美華もときどき振り返って小さな手を振っていた。
佳奈子は、美華の姿が見えなくなるとケータイを取り出してまづ、同じ保育園の松本直子に連絡をすることにした。
「あのう、美華の母ですけど」
「あっ、佳奈子」
「あのねえ、美華が今買い物に出たの、で、あなたの家から美華を見たらそれとなく見張ってくれる」
「いいわよ、佳奈子、心配だったらあたし、美華ちゃんと一緒にお買い物に行ってもいいけど」
「はっ、それじゃ、今日一人でお買い物させてるのは美華のためだわ、お気持ちうれしく受けておきます」
一方、美華ははじめて一人で外に出て緩やかな坂を下っていた。駅に通じる通りは黄色や赤色に葉が色づいていてプラタナスの木々がきれいだった。
時折風が吹くと葉がぱらぱらと舞いながらくるくると落ちてくる。
美華は道路に落ちている赤いもみじの葉に眼を留めて
「もみじさん、とってもきれ~、美華に一つちょうだいね」
折りしも風が吹いてきて歩道に落ちた紅葉の葉がくるくる回って足元を廻ってゆくのだった。
「紅葉さん、ちょっと待って」
美華はちょっと駆け出して風の止むのを待ってしゃがんで
「この葉っぱ、赤くてきれ~い、美華これがいいなあ」
そういいながら赤い紅葉を二、三枚拾って、プラタナスの木に向かって
「ねえ、紅葉さん、きれいな紅葉をありがとう、美華大切にするからね」
頭をぴょこりと下げた。その様子をじっと2階の窓から見ていた松本真子の母、松本直子が気づいて、
「美華ちゃんががここを通るようだわ」
タンスの中からケータイを取り出して二階を降りて玄関から外に出て待つことにした。
遠くから美華が近づいてくるのだった。
美華は、生まれてはじめて外に出たのがうれしいのか
「ランラランラン・ランランラン」となにかわからないが、ハミングして松本直子の立ってる場所に近づいてきて、
「あっ、真子ちゃんのママ、こんにちは」と前に立ち止まって丁寧に頭を下げた。そのしぐさがとても可愛かった。

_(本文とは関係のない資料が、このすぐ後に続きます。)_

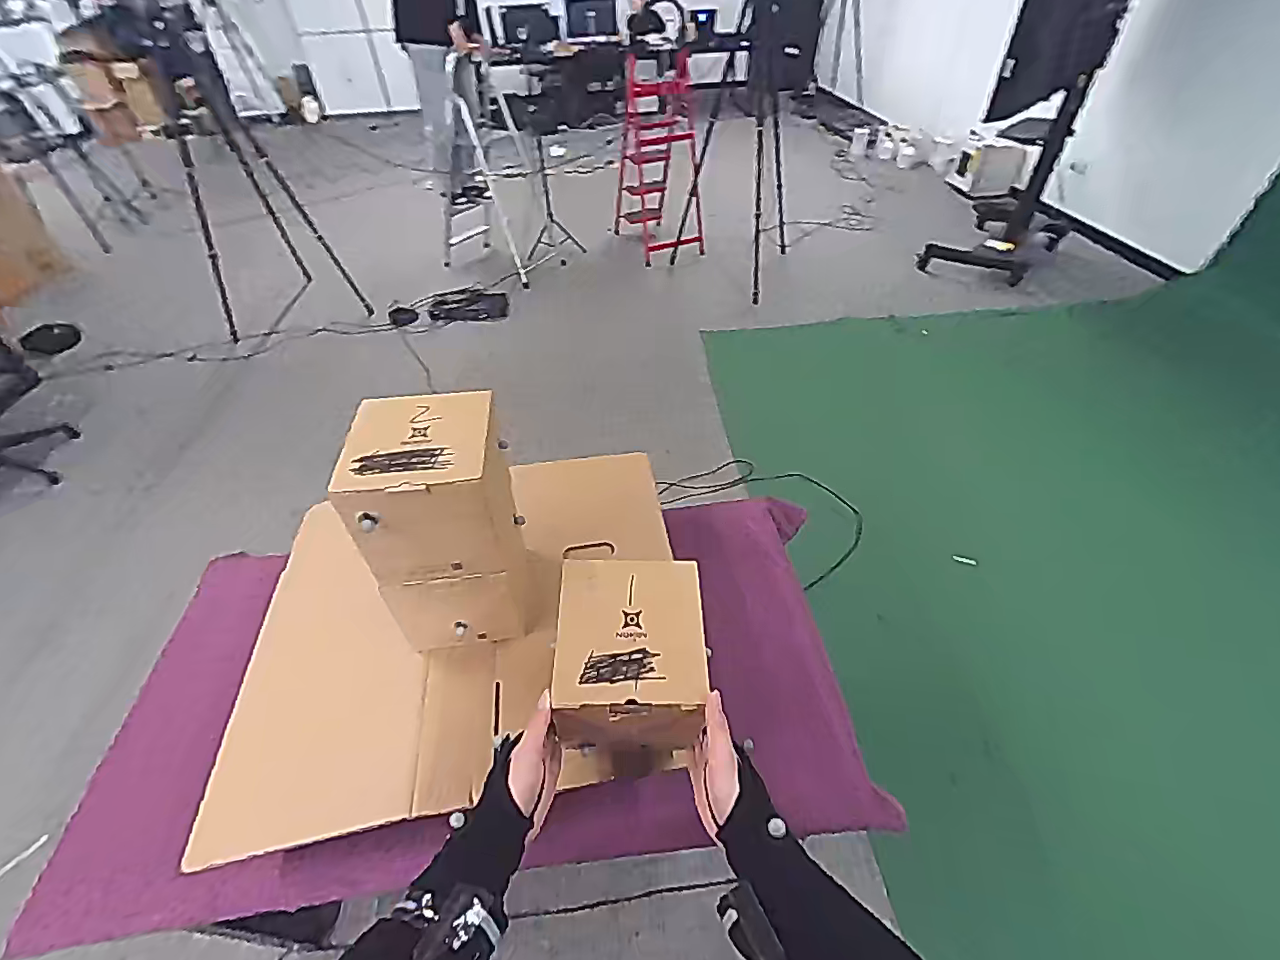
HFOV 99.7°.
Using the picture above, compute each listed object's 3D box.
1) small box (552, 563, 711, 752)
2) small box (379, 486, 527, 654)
[{"bbox_3d":[-0.010,0.220,0.658,0.168,0.176,0.179,1,49,-3],"label":"small box"},{"bbox_3d":[-0.265,0.134,0.810,0.168,0.176,0.179,-6,46,-6],"label":"small box"}]
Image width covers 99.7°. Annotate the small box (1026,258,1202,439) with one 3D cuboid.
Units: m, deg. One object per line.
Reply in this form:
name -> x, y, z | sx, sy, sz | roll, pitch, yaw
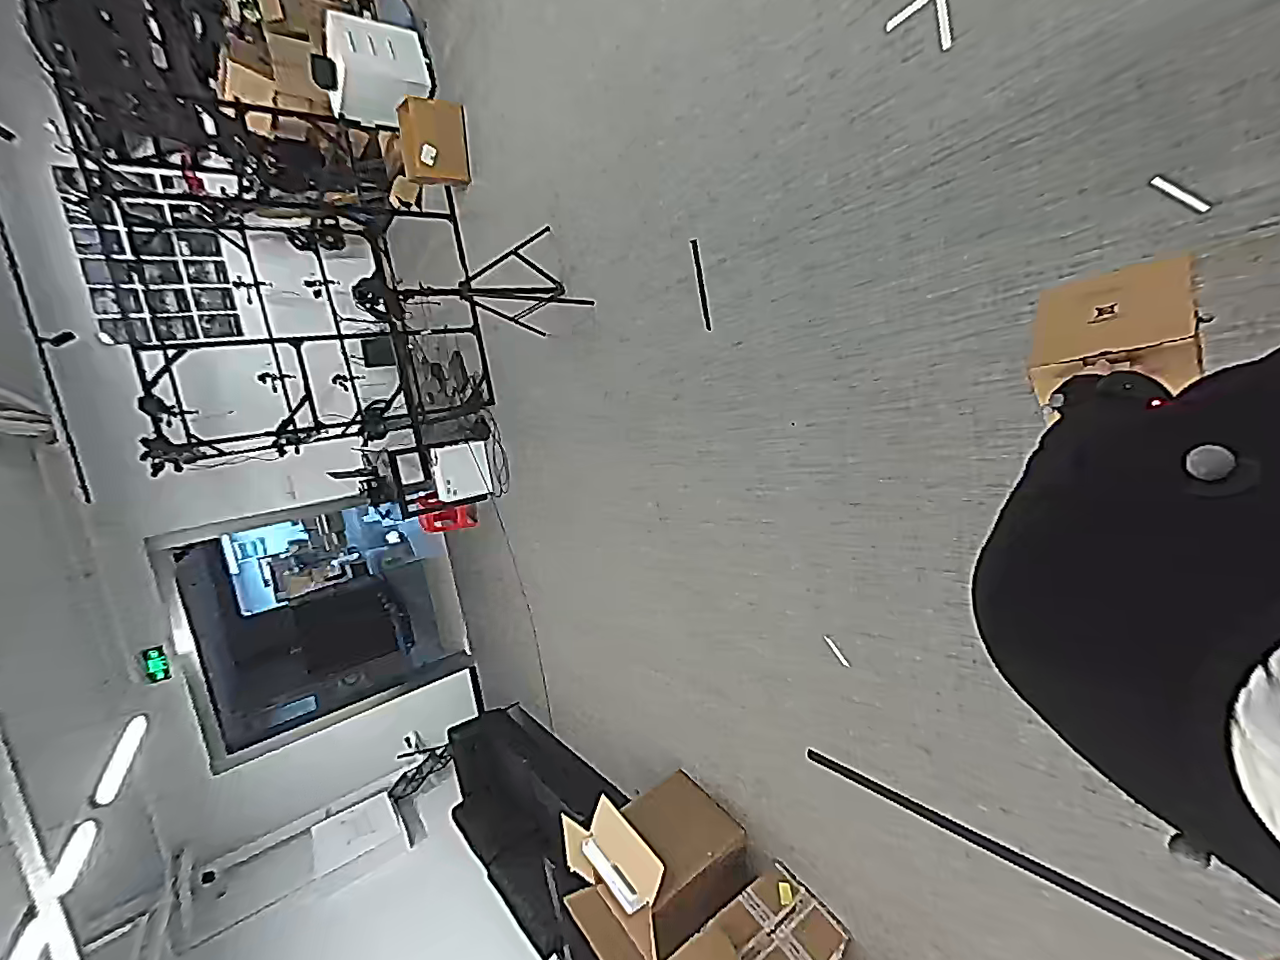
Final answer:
small box -> 0.677, -0.172, 0.773 | 0.168, 0.179, 0.176 | -5, 135, 46

母、直子は、美華さんのままはとても子供をよくしつけてるわ、近頃は挨拶もしない子供もいるのにと思った。
「おばちゃん、そこで何してるの、真子ちゃんは」
と不意に聞かれて、
「おばさんはねえ、美華ちゃんを」
といいかけてあわてて口を閉じた。危うくいうところだった。危ない、危ない
「あのねえ、真子ちゃんは今お父さんと一緒に駅前の公園にいってるの」
と答えて美華の顔を眺めた。
「あのねえ、おばちゃん、美華はねえ」
「お使いに行くの、偉いわねえ」
「うん」
「気をつけて行ってらっしゃいね」
美華は、紅葉のような右手を振って
「さよなら」
と行って通りすぎて行った。
直子の母親はケータイをエプロンのポケットから取り出して、
「直子の母ですけど、美華ちゃんねえ、今家の前を通って行ったわよ」
と報告した。
美華は黒塀のある加藤さんの家に差し掛かってきた。
あっ、加藤さんのワンちゃんがいたら怖いなあと思っていた。
左折道路があって、美華は黒塀の角からそっと様子を見ていたが、そのときだった。
加藤さんのおじいさんが犬を連れて門から目の前に出てきた。
「あっ、わんちゃん、美華怖~い」
驚いて、あとずさりしようとしてる美華におじいさんが
「美華ちゃん、怖くないよ。ほらこんなに尻尾振っているよ」
加藤さんの家で買っている犬は決して大きくなくフランス原産のパピヨンで小さく大きくなっても4キロという犬だった。人なっつこくて陽気だといわれている。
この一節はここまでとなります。